### Problem:
Lines from the one holding "Task: Find the" through the end of the entries, inclusive, form the whole output; reproduce them exactly and omit pictures.

### Raw data:

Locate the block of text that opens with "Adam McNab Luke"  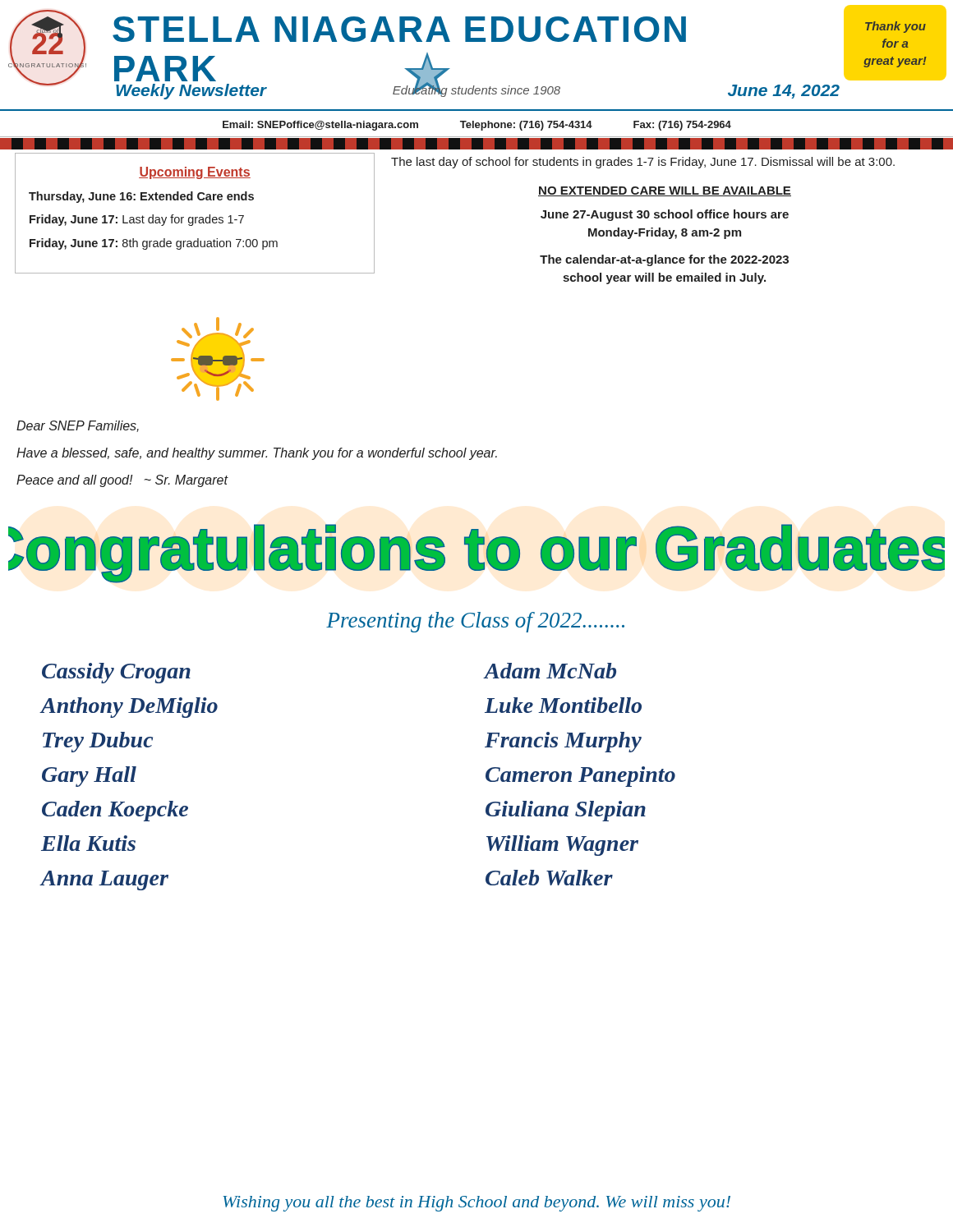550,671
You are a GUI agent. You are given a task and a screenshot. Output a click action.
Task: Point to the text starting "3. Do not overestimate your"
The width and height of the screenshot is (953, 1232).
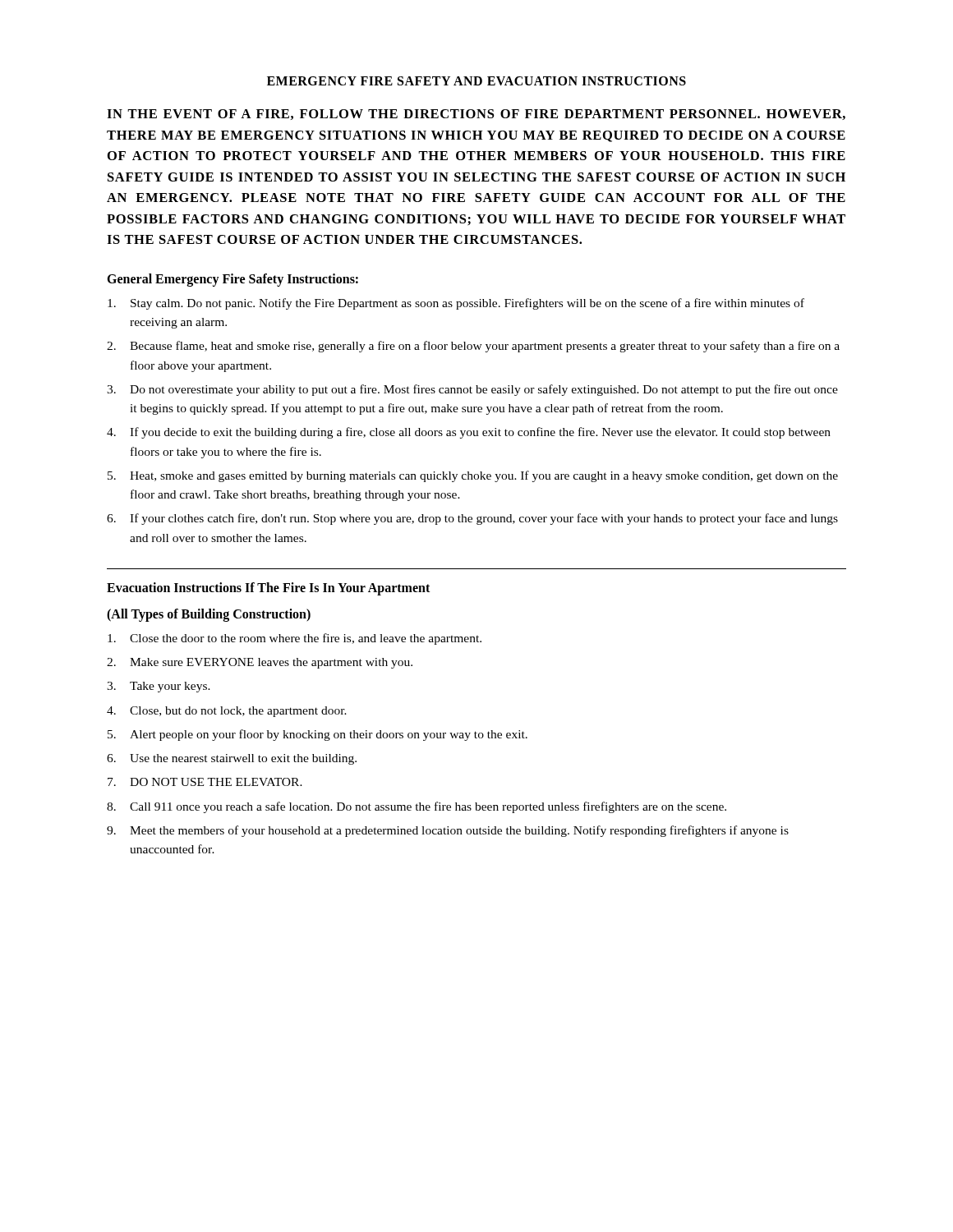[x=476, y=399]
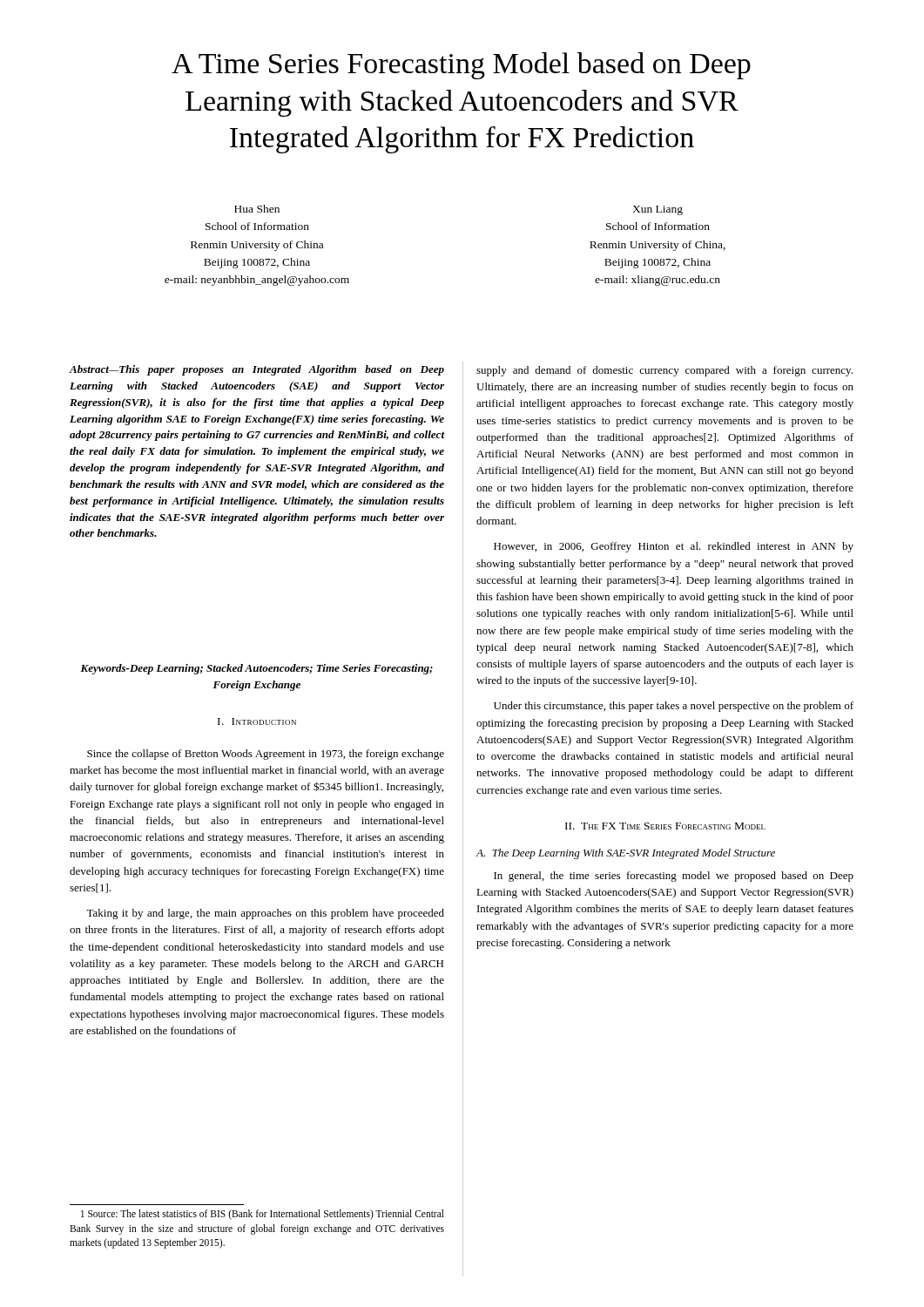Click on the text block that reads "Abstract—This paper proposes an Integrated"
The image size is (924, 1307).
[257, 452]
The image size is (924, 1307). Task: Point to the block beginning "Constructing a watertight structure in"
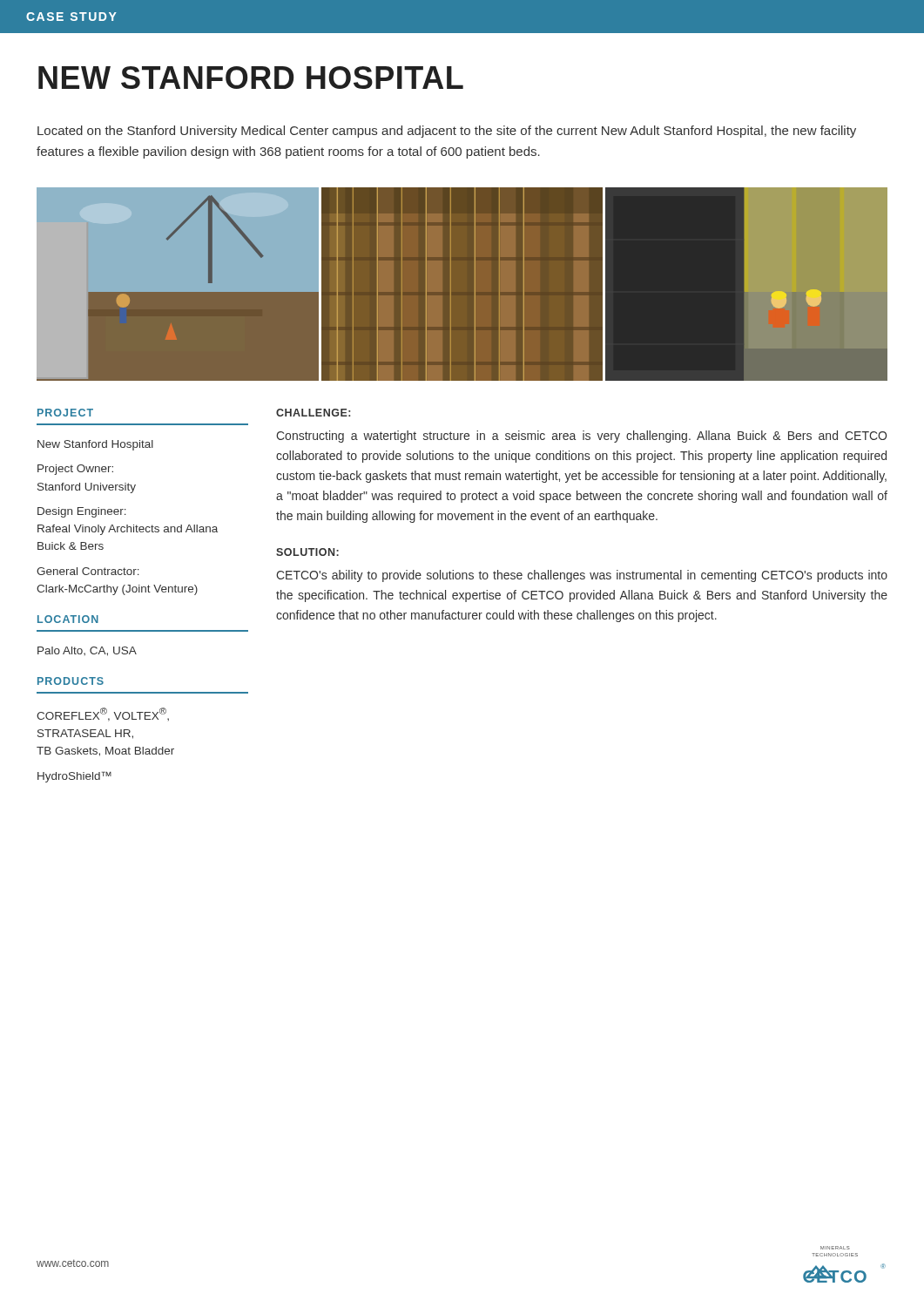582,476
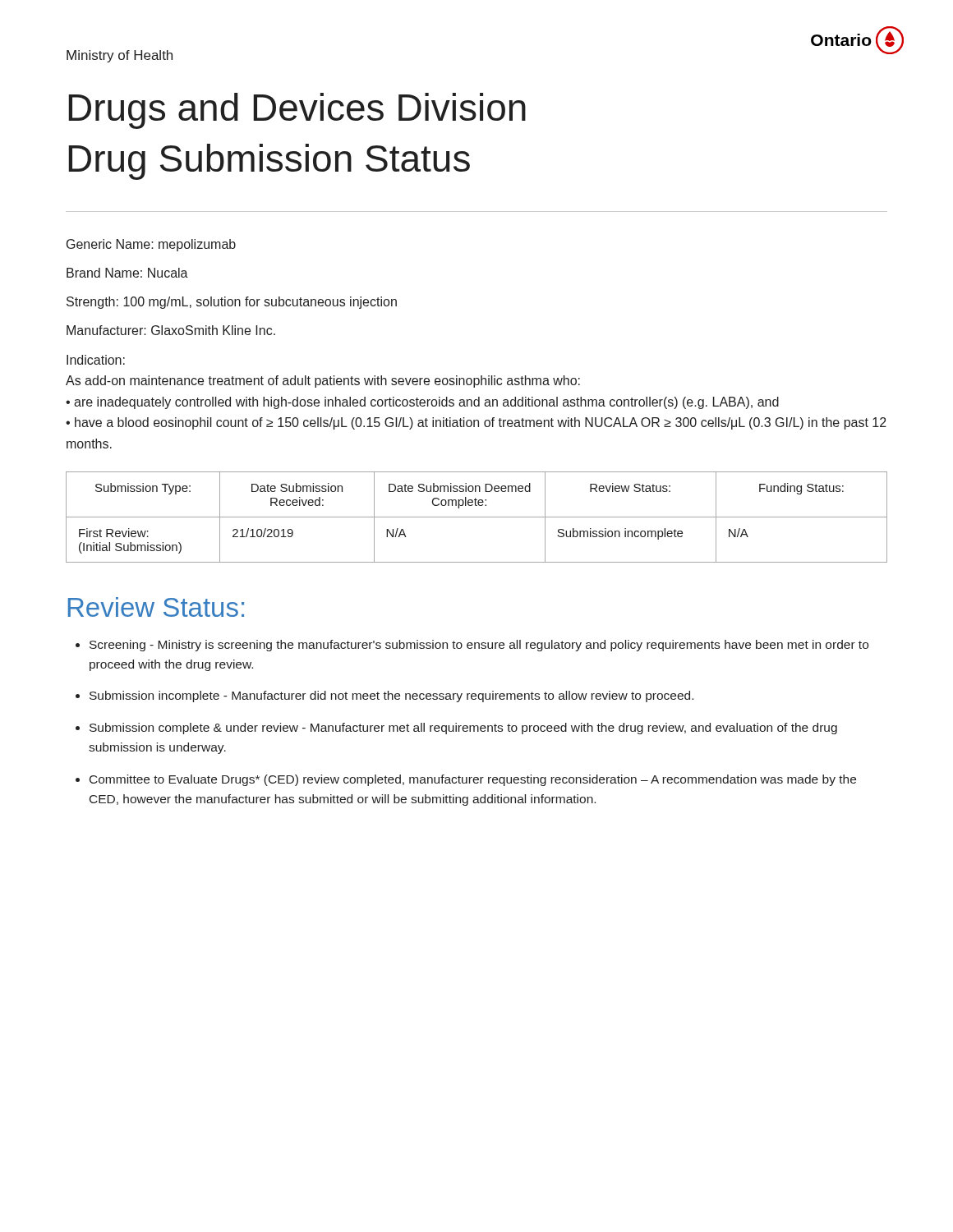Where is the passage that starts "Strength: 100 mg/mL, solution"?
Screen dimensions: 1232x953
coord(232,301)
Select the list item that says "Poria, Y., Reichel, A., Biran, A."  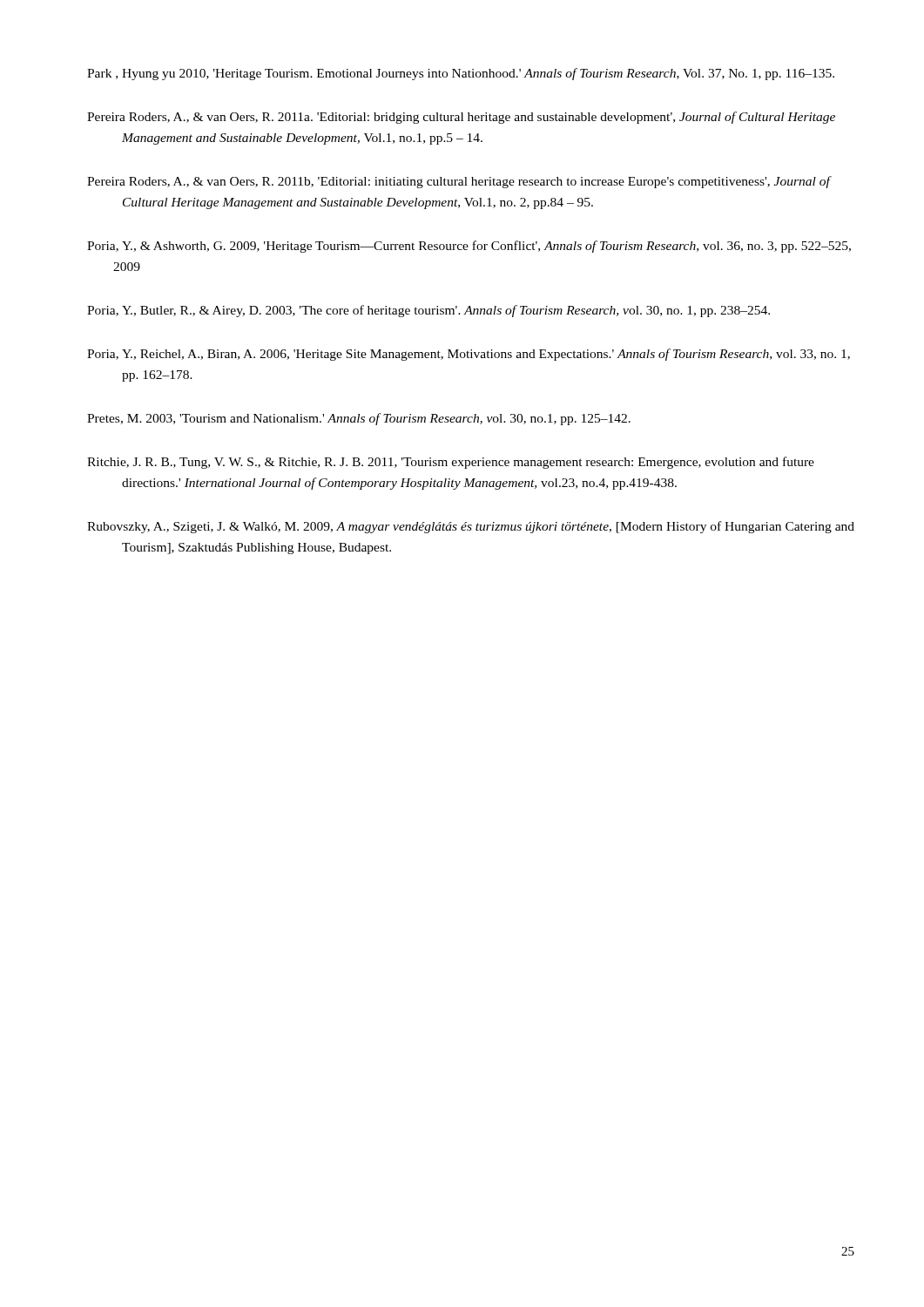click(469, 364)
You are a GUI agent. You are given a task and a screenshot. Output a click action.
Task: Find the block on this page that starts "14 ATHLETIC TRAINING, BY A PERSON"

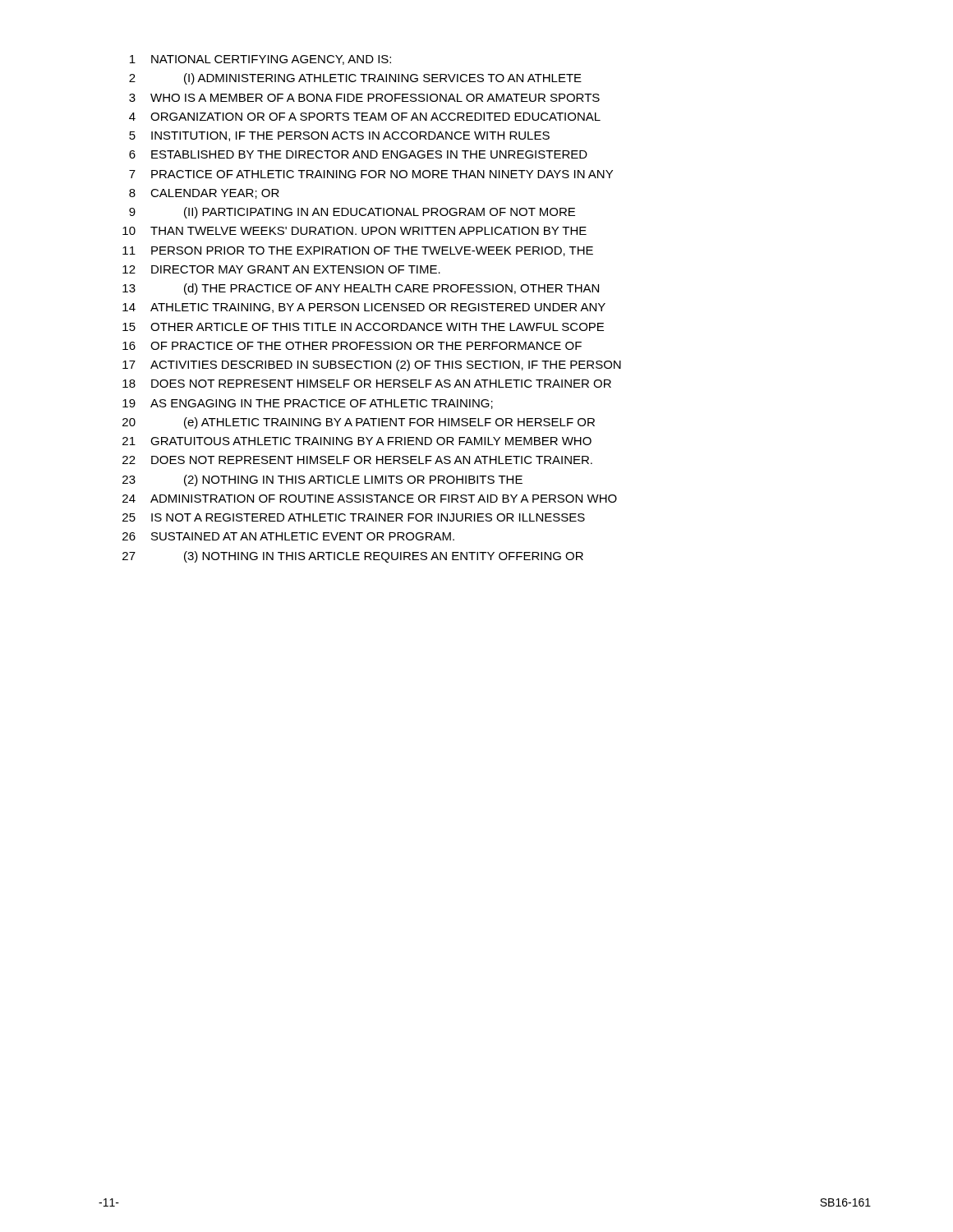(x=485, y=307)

### Response below:
Task: Find the block on this page that starts "14 ATHLETIC TRAINING, BY A PERSON"

(x=485, y=307)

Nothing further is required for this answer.